High-volume domestic manufacturing, which brings down the cost, won’t happen until manufacturers see consistent demand. Strong, long-term policy that drives rapid deployment and provides investment certainty in offshore wind is necessary, coupled with policies to incentivize or require utilization of domestically-manufactured materials, to incentivize investment in establishing and expanding U.S. manufacturing facilities, and in related infrastructure like transmission. U.S. manufacturers will be able to retool and make offshore-specific products that compete with overseas manufacturers with appropriate investments and if they see long-term demand for these products. This is a huge opportunity that can be captured with the help of the right policies.
The story is brighter when looking at the onshore wind industry, though there is still room for improvement. There are currently more than 500 U.S. manufacturing facilities specializing in wind components.  Currently, more than 90% of nacelles—the housing for the generator, gearbox, and other mechanics—for U.S. onshore wind turbines are assembled in the United States, along with 40%-70% of blades and hubs and 65%-85% of wind towers. [32,33] However, internal nacelle components like electronics have very little domestic content. And, very few of these facilities are union represented.
Happening alongside the nation’s transition to cleaner, cheaper forms of energy is an ongoing shift to cleaner vehicles, including EVs. The auto sector is at the heart of U.S. manufacturing, and ensuring the United States leads in EV manufacturing will be critical to sustaining good jobs in the clean economy and across the manufacturing sector. Securing jobs in the coming shift to EVs will depend equally on ensuring automakers and suppliers are building the latest and best technology here in the United States, and taking steps to reverse the outsourcing of parts and components to other nations. In short, the United States is at a crossroads and the shift to EVs can either take the nation forward—bringing manufacturing back to America and building more and better jobs—or the United States can step away from technological leadership, give back initial manufacturing and jobs gains, and put the next generation of manufacturing jobs at risk.
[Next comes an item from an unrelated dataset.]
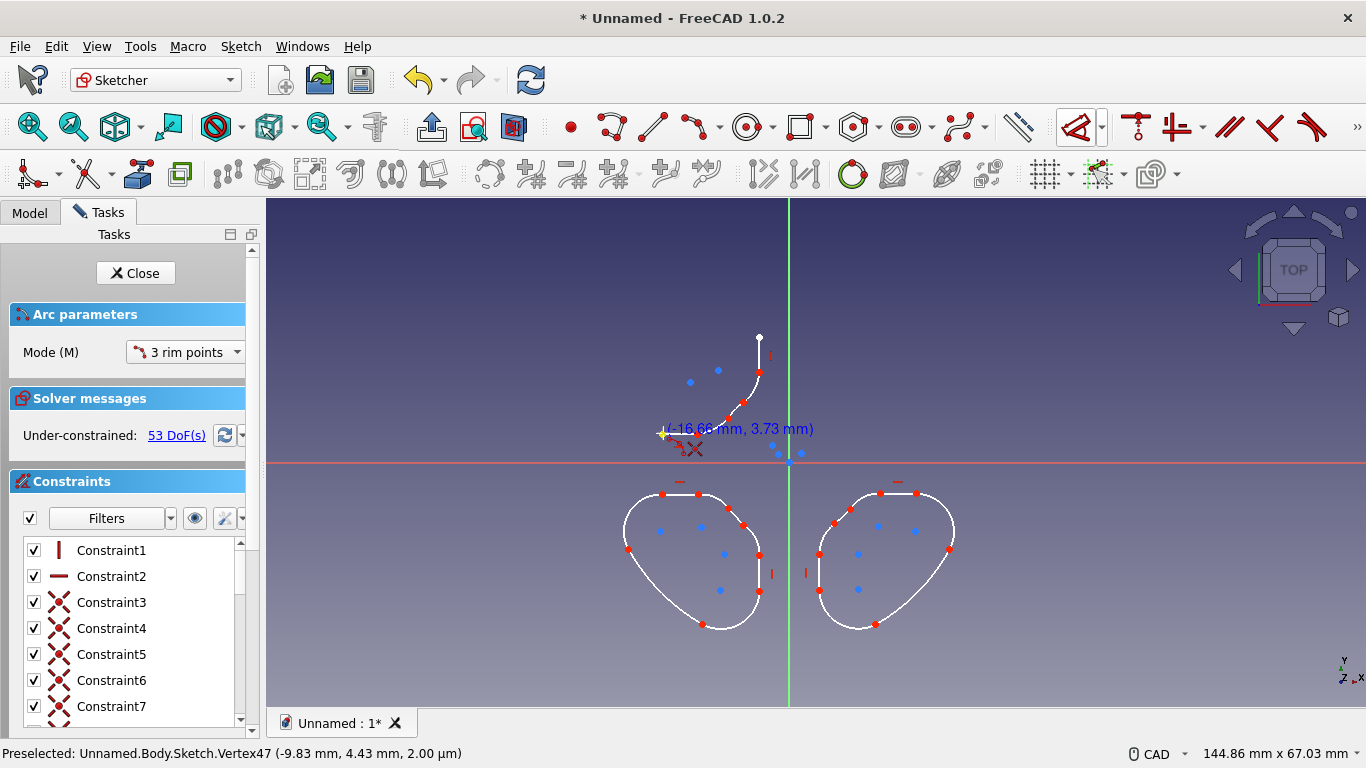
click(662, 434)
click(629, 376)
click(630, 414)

The quality of EV jobs varies a great deal throughout the industry.  Looking across the supply chain, some manufacturers in the auto sector offer wages just over minimum wage with no benefits and hazardous working conditions. Others pay workers in the $20-30 per hour range with full benefits and rigorous safety processes and oversight. Jobs in the automotive sector can either provide a ladder of training and rewarding career paths or they can be temporary and dead end jobs. There are challenges and opportunities facing workers and manufacturing in the shift to EVs and the policy action needed to ensure the ongoing shift to cleaner technology in the automotive sector also results in more and better jobs (see a backgrounder from the BlueGreen Alliance, UAW, USW and AFL-CIO Industrial Union Council for more detail here).
The Human Cost of Imports
Reliance on imported goods in the clean energy sector has been tied to human rights abuses. By producing more of these products and materials domestically and insisting on higher environmental and labor standards globally, the U.S. can ensure that they are made with high-road labor standards throughout the supply chain.
For example, American polysilicon manufacturers are currently entirely captive to Chinese wafer manufacturing, which dominates the global market, as their only customers. When China strategically decided to shut down the use of non-Chinese polysilicon in their wafer manufacturing, the U.S. suppliers were essentially frozen out of the supply chain. And it’s no better at the other end of the supply chain, where U.S. module manufacturers have no control over the materials sourcing, labor, or environmental practices behind the key components in their modules, because they have no choice but to source them from China.
Recent reporting on the substantially lower environmental, human rights, and labor standards in China show how ultimately unsustainable this arrangement is.  The accusations are tied to the ongoing detainment of a million or more people from minority groups in Xinjiang, namely Uighurs and Kazaks, in “re-education camps.”  Human rights organizations state that what they know about these abuses may be just the tip of the iceberg.
Additionally, the U.S. remains far too reliant on imports of essential metals, chemicals, and other elements needed to produce many components of clean technology, including EV batteries and solar panels. The U.S. currently lacks a consistent strategy for responsibly mining these materials at home, for developing secure and sustainable supply chains for their incorporation into the clean energy economy, and for leading by example—in cooperation with other nations that seek to mine and develop these resources in safe, environmentally responsible, and socially inclusive ways. Instead, many of these materials are mined or processed overseas—often under shockingly poor conditions and/or in ways that threaten the economic security of key supply chains. For example, the Democratic Republic of Congo produces 65% of the global cobalt supply—an industry that has been rife with allegation of child labor, forced labor, and other human rights violations—and China produces 79% of the world’s lithium hydroxide. [37,38,39]
In its manufacturing agenda, the BlueGreen Alliance calls for a new national commitment to environmentally, economically, and socially responsible mining, production, reclamation, and recycling of these minerals and materials.  Such a commitment has the potential to create jobs in America, generate a cleaner and more secure energy future, and elevate the United States as a global leader in the industry. Additionally, our policies must support high labor and environmental standards throughout the clean energy supply chain.
The Climate Cost of Imports
A heavy reliance on imports also has significant environmental costs. When goods and materials are imported to the U.S. from overseas they are often made in less environmentally friendly ways than they would be here at home because they come from countries with lower environmental standards.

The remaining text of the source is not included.